Task details
The lines to be copied are those below that contain "must".

(Records drawn from a dataset)
········

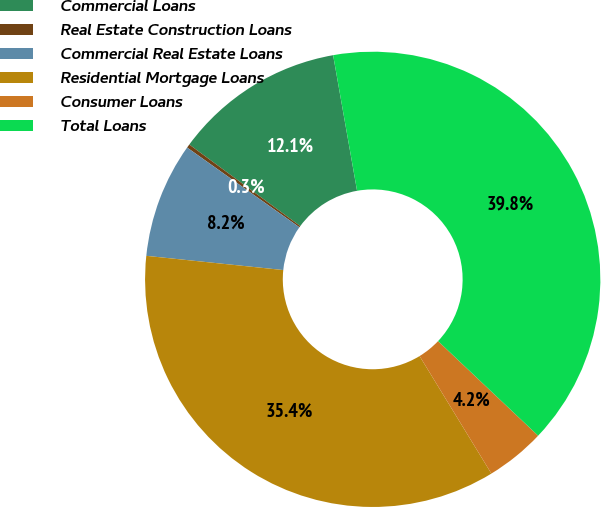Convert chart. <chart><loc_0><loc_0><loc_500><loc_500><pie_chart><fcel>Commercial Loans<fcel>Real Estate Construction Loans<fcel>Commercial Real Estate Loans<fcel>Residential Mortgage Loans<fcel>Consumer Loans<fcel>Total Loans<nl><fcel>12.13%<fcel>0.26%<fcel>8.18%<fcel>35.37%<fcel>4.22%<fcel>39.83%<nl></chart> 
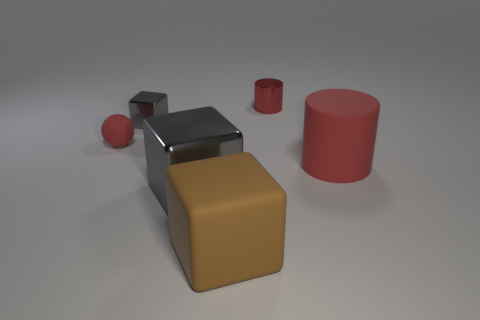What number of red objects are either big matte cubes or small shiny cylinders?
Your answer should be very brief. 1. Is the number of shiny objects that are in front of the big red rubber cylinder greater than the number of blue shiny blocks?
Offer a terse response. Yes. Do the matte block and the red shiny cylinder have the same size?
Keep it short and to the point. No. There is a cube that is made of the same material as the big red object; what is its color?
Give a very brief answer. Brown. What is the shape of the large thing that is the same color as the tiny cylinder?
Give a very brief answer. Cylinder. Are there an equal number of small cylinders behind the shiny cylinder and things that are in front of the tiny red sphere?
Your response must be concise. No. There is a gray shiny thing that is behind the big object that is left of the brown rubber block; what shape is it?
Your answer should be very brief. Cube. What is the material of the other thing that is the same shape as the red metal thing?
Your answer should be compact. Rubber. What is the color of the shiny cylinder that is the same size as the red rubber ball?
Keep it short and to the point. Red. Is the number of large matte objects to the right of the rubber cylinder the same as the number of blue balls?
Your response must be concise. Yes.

········

Written response
Your response must be concise. No. There is a gray shiny thing that is behind the big object that is left of the brown rubber block; what shape is it?
Your response must be concise. Yes.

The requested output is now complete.